High-level synthesis (HLS) performs well for simple memory access patterns, such as for sequential accesses that can be turned into bursts, or for memory accesses into small datasets that can be stored in scratchpads. This limits HLS to accelerating only the low-hanging fruit, where memory-level parallelism is either trivially abundant, due to simple access patterns, or latency is low, due to the small dataset. Applications with more complex access patterns on large datasets would also benefit from acceleration, and would especially benefit from the reduction in design and verification effort that HLS promises. In this paper, we present DAE4HLS, a decoupled access-execute (DAE) paradigm for HLS. We propose a new programming model for explicitly decoupling requests and responses, which unlocks memory-level parallelism that otherwise cannot be automatically provided by a compiler. We apply the DAE4HLS paradigm to the commercial AMD Vitis HLS toolchain and show that the existing AXI stream and AXI burst interfaces can be repurposed for explicit decoupling. We further apply the paradigm to a dynamic-HLS framework, which is better suited for handling irregular workloads as compared to statically scheduled HLS. We show that support for explicit decoupling improves the performance and achieves a total speedup of 10-79$\times$.

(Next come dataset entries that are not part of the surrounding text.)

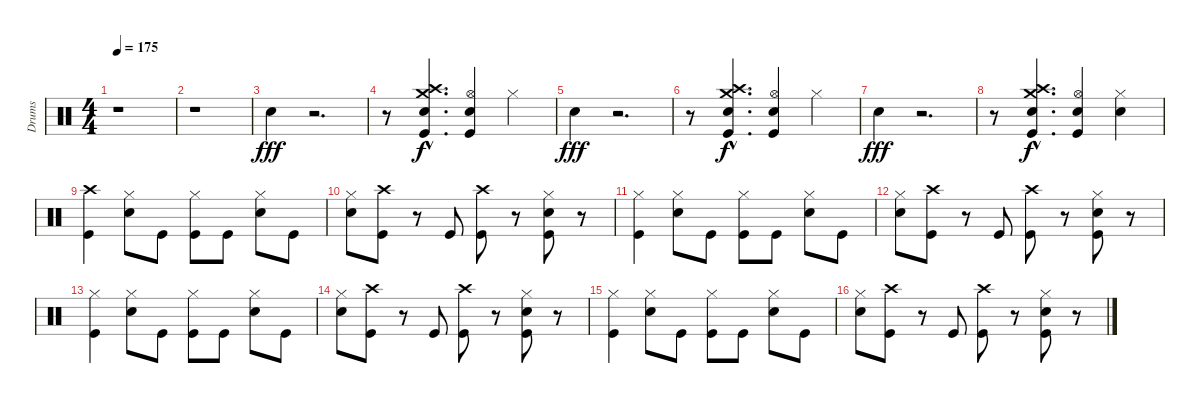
\track ("Drums" "Drums") {instrument percussion}
\staff {score}
\articulation defaults
\ts (4 4)
\tempo 175
\clef neutral
\ks c
r.1{dy fff} |
r.1 |
"Electric Snare (hit)".4 r.2{d} |
r.8 ("Crash high (hit)"{hac} "Crash medium (hit)"{hac} "Kick (hit)"{hac} "Electric Snare (hit)"{hac}).4{d dy f} ("Hi-Hat (open)" "Kick (hit)" "Snare (hit) 2").4 "Hi-Hat (closed)".4 |
"Snare (hit) 2".4{dy fff} r.2{d} |
r.8 ("Crash high (hit)"{hac} "Crash medium (hit)"{hac} "Kick (hit)"{hac} "Electric Snare (hit)"{hac}).4{d dy f} ("Hi-Hat (open)" "Kick (hit)" "Snare (hit) 2").4 "Hi-Hat (closed)".4 |
"Snare (hit) 2".4{dy fff} r.2{d} |
r.8 ("Crash high (hit)"{hac} "Crash medium (hit)"{hac} "Kick (hit)"{hac} "Electric Snare (hit)"{hac}).4{d dy f} ("Hi-Hat (open)" "Kick (hit)" "Snare (hit) 2").4 ("Snare (hit) 2" "Hi-Hat (closed)").4 |
("Kick (hit)" "Crash high (hit)").4 ("Hi-Hat (closed)" "Electric Snare (hit)").8 "Kick (hit)".8 ("Hi-Hat (closed)" "Kick (hit)").8 "Kick (hit)".8 ("Hi-Hat (closed)" "Electric Snare (hit)").8 "Kick (hit)".8 |
("Electric Snare (hit)" "Hi-Hat (closed)").8 ("Kick (hit)" "Crash high (hit)").8 r.8 "Kick (hit)".8 ("Kick (hit)" "Crash high (hit)").8 r.8 ("Kick (hit)" "Electric Snare (hit)" "Hi-Hat (closed)").8 r.8 |
("Hi-Hat (closed)" "Kick (hit)").4 ("Hi-Hat (closed)" "Electric Snare (hit)").8 "Kick (hit)".8 ("Hi-Hat (closed)" "Kick (hit)").8 "Kick (hit)".8 ("Hi-Hat (closed)" "Electric Snare (hit)").8 "Kick (hit)".8 |
("Electric Snare (hit)" "Hi-Hat (closed)").8 ("Kick (hit)" "Crash high (hit)").8 r.8 "Kick (hit)".8 ("Kick (hit)" "Crash high (hit)").8 r.8 ("Kick (hit)" "Electric Snare (hit)" "Hi-Hat (closed)").8 r.8 |
("Hi-Hat (closed)" "Kick (hit)").4 ("Hi-Hat (closed)" "Electric Snare (hit)").8 "Kick (hit)".8 ("Hi-Hat (closed)" "Kick (hit)").8 "Kick (hit)".8 ("Hi-Hat (closed)" "Electric Snare (hit)").8 "Kick (hit)".8 |
("Electric Snare (hit)" "Hi-Hat (closed)").8 ("Kick (hit)" "Crash high (hit)").8 r.8 "Kick (hit)".8 ("Kick (hit)" "Crash high (hit)").8 r.8 ("Kick (hit)" "Electric Snare (hit)" "Hi-Hat (closed)").8 r.8 |
("Hi-Hat (closed)" "Kick (hit)").4 ("Hi-Hat (closed)" "Electric Snare (hit)").8 "Kick (hit)".8 ("Hi-Hat (closed)" "Kick (hit)").8 "Kick (hit)".8 ("Hi-Hat (closed)" "Electric Snare (hit)").8 "Kick (hit)".8 |
("Electric Snare (hit)" "Hi-Hat (closed)").8 ("Kick (hit)" "Crash high (hit)").8 r.8 "Kick (hit)".8 ("Kick (hit)" "Crash high (hit)").8 r.8 ("Kick (hit)" "Electric Snare (hit)" "Hi-Hat (closed)").8 r.8

翻译：高层次综合（HLS）在简单存储器访问模式下表现良好，例如可转化为突发传输的顺序访问，或可存储在便签存储器中的小数据集访问。这限制HLS仅能加速“低垂果实”，即访存模式简单而存储器级并行性充分，或数据集小而导致延迟低。对于大数据集上具有更复杂访存模式的应用，加速同样受益，尤其是HLS所承诺的设计与验证工作量的减少。本文提出DAE4HLS，一种面向HLS的解耦访问-执行（DAE）范式。我们提出了一种新的显式解耦请求与响应的编程模型，该模型释放了编译器无法自动提供的存储器级并行性。我们将DAE4HLS范式应用于商业AMD Vitis HLS工具链，并证明现有的AXI流与AXI突发接口可被重新用于显式解耦。进一步，我们将该范式应用于动态HLS框架，该框架相较于静态调度HLS更适合处理不规则工作负载。结果表明，支持显式解耦提升了性能，实现了10-79倍的总加速比。